**Work required:**
Only a number is wanted here: how many lines in the records below contain the string "section".

** Opening Source data block **

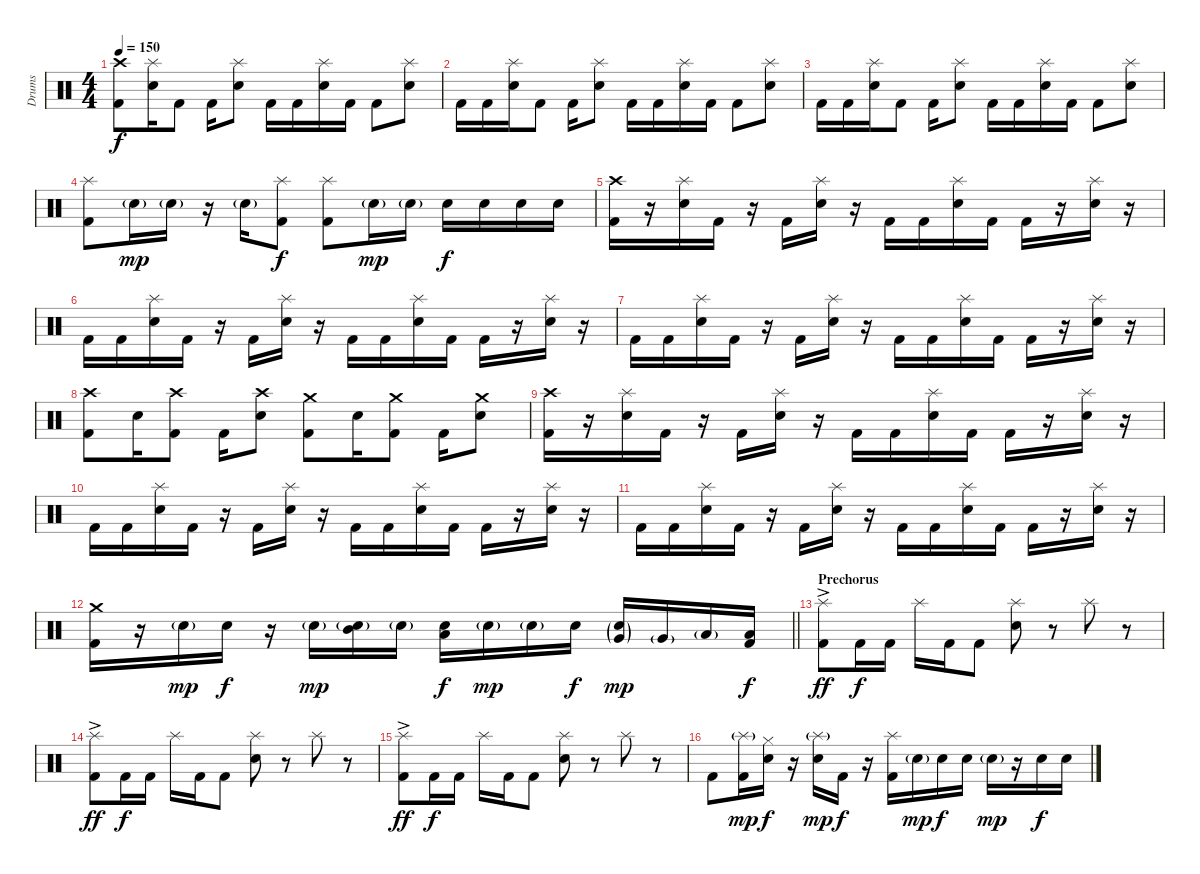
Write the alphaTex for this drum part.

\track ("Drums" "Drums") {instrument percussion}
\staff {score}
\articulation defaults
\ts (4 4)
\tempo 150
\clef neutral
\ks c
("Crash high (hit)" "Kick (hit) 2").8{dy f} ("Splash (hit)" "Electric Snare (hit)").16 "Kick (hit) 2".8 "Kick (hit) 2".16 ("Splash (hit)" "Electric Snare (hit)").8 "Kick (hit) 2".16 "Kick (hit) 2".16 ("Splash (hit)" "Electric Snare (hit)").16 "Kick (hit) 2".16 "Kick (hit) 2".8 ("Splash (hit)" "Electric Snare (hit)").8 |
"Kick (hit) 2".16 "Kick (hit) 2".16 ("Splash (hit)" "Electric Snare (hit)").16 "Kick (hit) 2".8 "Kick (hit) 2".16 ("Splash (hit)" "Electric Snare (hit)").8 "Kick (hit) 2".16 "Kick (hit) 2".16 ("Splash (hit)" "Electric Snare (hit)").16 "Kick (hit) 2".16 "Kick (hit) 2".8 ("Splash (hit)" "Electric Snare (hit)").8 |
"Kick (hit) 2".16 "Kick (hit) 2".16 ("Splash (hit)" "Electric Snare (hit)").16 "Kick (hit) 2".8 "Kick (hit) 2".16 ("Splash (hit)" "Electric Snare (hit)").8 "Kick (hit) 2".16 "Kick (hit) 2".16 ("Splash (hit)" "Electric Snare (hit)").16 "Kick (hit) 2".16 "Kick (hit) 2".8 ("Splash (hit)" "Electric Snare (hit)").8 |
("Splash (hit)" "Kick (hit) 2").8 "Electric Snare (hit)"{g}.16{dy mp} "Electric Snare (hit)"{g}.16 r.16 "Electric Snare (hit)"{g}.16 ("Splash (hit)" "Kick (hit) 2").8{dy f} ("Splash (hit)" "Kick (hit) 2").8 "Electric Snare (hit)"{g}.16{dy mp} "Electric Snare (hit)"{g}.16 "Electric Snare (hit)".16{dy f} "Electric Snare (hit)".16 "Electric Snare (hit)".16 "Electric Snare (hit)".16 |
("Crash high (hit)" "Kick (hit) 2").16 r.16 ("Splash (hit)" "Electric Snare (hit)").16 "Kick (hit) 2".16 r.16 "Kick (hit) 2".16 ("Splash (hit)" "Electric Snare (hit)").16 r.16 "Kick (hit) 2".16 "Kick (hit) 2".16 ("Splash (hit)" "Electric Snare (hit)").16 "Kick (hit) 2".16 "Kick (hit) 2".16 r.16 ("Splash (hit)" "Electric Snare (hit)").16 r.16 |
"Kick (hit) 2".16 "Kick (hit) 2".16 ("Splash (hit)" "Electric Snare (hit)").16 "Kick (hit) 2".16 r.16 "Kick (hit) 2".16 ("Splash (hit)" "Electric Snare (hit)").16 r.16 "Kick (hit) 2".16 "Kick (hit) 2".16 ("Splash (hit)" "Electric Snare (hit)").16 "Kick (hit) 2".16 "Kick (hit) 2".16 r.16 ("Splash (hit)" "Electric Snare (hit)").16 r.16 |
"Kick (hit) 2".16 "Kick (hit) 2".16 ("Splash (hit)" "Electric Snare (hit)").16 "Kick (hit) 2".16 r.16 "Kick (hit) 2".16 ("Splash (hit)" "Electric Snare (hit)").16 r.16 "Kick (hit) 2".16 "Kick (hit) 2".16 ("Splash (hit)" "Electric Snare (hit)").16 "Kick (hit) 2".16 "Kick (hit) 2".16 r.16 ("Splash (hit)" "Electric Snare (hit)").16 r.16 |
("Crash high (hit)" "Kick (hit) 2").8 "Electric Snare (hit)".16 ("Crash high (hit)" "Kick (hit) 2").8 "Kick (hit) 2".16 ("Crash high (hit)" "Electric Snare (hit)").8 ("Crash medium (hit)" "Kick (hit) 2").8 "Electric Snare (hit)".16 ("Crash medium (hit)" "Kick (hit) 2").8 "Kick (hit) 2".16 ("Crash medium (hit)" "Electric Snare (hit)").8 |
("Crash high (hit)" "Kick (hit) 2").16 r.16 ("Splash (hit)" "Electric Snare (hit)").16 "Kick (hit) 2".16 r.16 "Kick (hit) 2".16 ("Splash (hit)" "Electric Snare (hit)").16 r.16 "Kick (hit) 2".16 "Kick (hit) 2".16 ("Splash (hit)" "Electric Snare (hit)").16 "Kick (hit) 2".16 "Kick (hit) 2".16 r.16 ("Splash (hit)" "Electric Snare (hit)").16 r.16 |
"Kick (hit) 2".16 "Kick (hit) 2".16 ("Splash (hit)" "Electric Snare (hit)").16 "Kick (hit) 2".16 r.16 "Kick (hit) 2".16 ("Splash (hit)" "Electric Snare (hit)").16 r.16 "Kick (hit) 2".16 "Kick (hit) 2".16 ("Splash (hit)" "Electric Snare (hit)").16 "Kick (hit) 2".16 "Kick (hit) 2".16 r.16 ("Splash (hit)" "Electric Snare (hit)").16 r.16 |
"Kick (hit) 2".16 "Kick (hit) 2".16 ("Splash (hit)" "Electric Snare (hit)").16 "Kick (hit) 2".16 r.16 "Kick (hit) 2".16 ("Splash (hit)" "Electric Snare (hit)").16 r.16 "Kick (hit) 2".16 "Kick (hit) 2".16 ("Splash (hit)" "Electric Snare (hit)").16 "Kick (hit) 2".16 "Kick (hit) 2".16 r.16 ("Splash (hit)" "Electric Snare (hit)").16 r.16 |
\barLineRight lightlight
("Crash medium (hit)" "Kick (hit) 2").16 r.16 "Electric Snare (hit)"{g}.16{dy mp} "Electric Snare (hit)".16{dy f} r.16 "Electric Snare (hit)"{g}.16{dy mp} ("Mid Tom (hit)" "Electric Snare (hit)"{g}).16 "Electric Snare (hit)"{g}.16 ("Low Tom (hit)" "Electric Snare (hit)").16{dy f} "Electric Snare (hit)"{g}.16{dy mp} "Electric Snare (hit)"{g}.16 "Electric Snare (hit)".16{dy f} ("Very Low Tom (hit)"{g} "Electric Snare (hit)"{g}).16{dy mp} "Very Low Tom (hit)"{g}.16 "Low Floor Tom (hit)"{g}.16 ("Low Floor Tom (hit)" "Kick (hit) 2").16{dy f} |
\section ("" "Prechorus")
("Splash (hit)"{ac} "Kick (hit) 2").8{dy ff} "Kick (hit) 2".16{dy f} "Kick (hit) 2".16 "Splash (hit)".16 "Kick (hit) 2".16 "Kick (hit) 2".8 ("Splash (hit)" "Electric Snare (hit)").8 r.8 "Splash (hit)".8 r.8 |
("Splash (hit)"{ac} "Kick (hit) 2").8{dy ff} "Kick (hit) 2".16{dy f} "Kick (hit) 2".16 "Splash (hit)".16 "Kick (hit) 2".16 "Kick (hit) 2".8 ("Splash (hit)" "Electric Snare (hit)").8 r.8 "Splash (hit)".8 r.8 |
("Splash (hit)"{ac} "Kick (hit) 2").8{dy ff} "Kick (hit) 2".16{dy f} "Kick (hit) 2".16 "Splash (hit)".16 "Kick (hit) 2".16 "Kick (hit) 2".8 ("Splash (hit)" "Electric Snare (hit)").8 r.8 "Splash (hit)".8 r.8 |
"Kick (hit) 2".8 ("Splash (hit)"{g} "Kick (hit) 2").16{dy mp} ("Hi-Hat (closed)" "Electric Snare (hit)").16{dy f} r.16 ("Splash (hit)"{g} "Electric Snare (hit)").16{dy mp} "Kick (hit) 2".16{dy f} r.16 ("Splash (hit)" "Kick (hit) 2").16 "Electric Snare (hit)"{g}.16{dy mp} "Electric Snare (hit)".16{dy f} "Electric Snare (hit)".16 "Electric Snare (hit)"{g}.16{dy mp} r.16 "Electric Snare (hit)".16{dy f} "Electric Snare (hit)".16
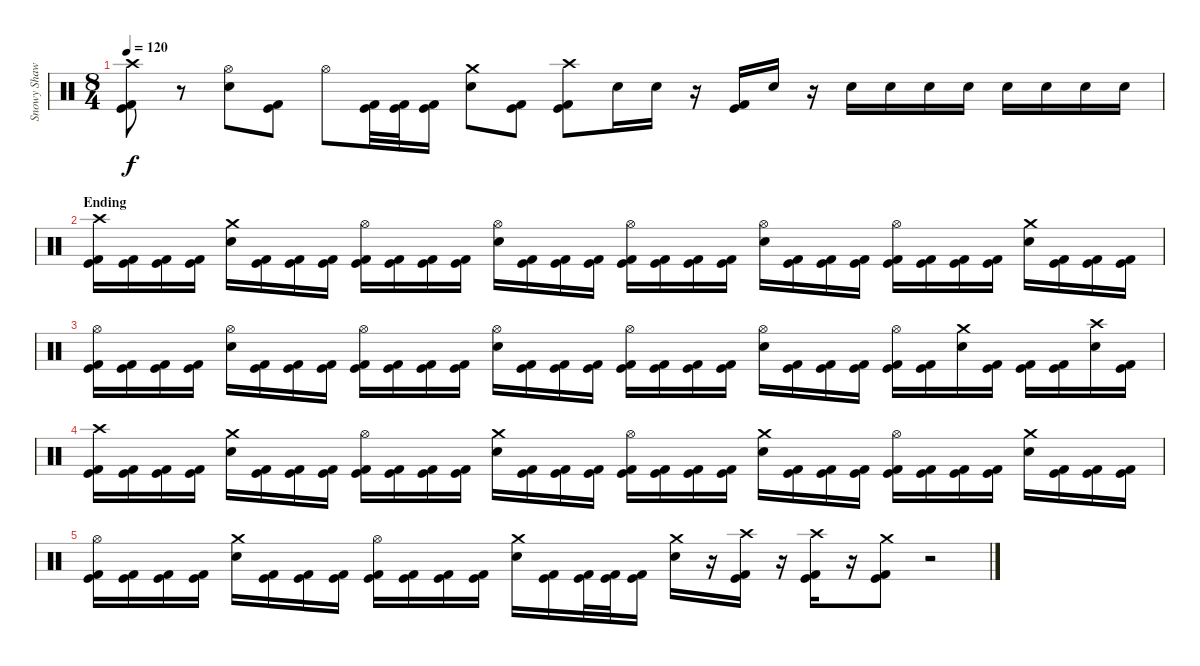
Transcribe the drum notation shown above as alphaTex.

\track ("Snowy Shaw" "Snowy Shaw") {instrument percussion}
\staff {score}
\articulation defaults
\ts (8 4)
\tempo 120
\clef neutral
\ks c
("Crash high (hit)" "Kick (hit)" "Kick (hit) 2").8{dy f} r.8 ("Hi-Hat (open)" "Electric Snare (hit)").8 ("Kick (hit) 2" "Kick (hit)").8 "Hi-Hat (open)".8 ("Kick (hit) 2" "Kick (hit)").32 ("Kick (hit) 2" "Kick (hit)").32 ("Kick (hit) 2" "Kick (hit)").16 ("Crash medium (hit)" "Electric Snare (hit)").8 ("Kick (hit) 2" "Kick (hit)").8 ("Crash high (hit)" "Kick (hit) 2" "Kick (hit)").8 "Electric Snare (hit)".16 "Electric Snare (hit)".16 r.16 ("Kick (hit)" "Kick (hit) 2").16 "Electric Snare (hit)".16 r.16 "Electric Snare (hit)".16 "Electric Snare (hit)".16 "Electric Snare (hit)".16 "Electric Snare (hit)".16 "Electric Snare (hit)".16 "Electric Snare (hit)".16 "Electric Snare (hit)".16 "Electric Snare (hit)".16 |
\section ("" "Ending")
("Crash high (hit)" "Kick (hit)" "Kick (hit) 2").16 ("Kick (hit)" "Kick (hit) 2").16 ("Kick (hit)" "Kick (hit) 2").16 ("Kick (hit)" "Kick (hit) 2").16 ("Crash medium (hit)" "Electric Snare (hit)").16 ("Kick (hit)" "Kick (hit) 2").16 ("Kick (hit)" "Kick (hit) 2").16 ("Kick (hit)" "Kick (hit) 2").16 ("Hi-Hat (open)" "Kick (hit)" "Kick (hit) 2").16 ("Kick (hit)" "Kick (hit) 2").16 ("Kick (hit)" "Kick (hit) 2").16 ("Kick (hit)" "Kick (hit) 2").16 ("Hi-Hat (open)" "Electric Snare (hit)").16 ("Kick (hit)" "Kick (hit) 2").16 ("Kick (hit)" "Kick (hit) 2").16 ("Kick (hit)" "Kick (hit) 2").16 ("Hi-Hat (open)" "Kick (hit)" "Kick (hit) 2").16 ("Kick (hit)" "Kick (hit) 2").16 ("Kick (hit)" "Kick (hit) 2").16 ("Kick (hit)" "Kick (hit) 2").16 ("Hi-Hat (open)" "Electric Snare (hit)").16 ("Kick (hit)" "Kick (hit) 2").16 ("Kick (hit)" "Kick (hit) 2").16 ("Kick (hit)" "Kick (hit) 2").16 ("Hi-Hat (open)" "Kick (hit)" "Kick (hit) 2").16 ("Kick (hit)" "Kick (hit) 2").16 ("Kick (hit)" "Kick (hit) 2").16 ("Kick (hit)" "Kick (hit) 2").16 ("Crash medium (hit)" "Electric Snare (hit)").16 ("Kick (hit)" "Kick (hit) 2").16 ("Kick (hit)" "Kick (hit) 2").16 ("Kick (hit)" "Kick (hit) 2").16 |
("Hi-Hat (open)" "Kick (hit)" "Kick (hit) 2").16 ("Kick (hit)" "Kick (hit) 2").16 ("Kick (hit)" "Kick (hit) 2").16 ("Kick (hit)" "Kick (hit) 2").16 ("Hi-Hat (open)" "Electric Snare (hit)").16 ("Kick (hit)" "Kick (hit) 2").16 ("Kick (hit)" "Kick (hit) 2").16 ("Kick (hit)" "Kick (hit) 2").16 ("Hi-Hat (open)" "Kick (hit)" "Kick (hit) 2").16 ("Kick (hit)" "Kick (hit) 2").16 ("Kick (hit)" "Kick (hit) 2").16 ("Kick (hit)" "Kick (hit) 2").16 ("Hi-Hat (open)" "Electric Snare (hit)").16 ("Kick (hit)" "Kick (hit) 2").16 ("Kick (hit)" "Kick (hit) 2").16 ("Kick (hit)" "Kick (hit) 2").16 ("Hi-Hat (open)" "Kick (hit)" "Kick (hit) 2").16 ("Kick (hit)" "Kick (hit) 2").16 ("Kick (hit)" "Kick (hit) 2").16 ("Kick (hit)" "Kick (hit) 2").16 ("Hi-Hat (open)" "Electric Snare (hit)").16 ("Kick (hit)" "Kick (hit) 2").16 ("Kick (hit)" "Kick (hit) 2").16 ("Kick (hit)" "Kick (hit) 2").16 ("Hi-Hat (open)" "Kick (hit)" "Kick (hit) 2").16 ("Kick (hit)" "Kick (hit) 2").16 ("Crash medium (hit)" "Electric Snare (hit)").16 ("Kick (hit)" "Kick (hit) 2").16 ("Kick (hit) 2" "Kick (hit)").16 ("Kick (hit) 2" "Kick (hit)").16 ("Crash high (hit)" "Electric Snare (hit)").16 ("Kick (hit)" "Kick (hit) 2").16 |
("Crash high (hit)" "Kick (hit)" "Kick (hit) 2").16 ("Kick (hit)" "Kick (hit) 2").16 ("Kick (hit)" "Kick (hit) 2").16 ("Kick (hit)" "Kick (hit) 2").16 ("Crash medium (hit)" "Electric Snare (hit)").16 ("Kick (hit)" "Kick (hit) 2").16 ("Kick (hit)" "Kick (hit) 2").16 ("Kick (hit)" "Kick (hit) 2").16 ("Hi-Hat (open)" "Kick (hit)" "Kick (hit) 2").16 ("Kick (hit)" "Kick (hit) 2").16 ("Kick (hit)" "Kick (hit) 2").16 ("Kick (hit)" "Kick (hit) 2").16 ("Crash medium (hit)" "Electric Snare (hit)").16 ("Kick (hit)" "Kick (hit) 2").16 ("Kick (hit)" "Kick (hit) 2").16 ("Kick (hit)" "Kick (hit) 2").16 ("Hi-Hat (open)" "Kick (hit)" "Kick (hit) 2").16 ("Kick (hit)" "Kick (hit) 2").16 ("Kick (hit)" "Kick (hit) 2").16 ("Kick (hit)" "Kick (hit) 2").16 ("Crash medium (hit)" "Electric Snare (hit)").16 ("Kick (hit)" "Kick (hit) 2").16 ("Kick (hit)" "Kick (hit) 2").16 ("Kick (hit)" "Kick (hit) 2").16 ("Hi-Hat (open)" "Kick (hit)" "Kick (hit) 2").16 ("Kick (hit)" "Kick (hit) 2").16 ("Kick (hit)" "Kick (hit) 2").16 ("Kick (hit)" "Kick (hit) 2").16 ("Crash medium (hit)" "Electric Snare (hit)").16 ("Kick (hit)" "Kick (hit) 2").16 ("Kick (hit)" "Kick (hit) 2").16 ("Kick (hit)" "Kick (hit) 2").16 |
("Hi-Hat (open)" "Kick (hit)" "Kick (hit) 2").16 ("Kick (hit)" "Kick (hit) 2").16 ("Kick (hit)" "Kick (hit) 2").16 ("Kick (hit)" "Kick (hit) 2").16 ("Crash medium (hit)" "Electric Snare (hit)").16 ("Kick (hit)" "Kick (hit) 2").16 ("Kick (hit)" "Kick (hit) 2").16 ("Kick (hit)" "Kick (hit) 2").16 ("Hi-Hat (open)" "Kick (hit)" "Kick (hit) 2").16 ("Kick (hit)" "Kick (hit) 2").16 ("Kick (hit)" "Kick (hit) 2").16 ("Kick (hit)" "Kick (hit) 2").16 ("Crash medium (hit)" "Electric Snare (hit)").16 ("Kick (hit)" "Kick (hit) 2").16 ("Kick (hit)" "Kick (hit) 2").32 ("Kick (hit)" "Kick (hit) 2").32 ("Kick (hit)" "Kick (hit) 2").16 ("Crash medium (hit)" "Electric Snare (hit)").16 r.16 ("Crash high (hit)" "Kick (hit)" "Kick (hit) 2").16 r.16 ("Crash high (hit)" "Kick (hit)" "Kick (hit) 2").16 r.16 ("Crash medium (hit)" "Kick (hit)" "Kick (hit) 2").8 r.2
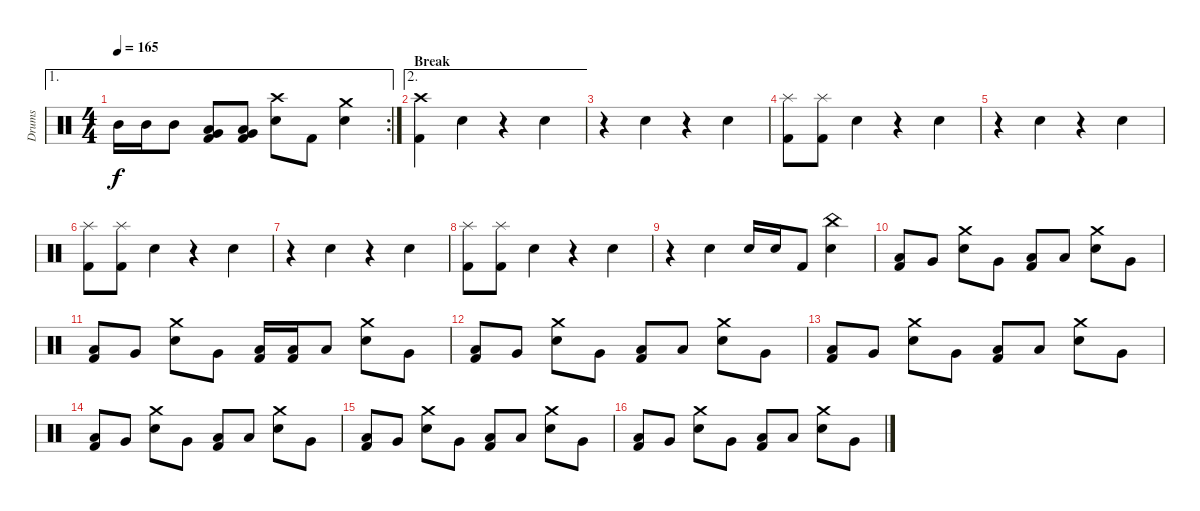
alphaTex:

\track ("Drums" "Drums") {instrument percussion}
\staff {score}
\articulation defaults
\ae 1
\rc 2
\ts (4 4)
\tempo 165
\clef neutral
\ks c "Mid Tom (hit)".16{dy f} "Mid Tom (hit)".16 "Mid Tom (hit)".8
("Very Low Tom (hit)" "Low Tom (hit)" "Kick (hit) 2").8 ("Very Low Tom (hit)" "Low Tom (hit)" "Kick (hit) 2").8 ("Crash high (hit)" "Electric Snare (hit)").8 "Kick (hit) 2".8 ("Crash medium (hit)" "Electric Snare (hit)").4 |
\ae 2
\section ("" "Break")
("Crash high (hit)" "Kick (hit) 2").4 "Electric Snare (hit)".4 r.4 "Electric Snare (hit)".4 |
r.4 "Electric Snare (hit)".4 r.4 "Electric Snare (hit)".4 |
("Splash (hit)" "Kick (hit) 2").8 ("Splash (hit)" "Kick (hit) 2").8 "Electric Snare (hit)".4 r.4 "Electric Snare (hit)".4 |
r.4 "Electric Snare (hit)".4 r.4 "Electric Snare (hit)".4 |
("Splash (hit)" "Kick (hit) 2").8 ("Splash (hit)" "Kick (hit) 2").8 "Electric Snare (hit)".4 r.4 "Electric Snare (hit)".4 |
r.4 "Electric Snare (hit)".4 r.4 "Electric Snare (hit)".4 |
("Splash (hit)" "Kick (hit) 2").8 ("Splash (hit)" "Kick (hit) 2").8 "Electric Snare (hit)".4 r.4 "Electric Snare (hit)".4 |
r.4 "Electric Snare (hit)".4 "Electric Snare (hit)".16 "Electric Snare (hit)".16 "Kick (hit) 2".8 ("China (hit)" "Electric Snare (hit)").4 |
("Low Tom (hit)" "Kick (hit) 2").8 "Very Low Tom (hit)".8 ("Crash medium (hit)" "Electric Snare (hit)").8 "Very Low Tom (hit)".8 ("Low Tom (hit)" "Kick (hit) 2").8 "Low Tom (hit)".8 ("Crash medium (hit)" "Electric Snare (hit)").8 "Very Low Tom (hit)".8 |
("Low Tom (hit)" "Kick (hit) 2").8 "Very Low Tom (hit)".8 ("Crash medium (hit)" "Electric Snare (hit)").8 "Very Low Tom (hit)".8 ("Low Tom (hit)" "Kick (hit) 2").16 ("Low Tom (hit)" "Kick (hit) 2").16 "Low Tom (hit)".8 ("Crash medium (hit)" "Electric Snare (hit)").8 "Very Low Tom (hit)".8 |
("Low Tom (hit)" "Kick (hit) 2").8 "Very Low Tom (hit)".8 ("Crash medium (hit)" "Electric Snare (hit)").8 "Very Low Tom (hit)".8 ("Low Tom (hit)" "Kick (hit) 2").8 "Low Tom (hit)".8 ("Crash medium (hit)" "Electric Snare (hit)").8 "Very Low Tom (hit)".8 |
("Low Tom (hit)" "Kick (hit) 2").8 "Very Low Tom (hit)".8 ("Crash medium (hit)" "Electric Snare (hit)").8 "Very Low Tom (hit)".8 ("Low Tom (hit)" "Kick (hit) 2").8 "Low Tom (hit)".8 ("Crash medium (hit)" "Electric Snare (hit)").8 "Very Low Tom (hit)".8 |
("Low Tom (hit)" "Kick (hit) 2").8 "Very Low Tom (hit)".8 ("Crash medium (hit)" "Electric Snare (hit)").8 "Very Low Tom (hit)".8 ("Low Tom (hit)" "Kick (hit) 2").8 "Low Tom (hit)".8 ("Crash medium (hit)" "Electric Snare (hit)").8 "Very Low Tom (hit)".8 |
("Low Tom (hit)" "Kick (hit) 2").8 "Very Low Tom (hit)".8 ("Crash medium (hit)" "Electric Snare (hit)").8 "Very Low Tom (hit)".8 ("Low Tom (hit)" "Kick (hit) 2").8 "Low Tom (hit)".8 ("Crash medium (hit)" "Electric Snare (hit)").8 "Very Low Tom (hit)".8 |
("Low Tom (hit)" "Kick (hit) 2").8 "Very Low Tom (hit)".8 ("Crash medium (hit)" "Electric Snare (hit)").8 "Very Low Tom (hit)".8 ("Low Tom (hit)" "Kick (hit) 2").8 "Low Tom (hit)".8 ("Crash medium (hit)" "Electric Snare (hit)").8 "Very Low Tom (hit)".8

** Closing Source data block **

**Your response:**
3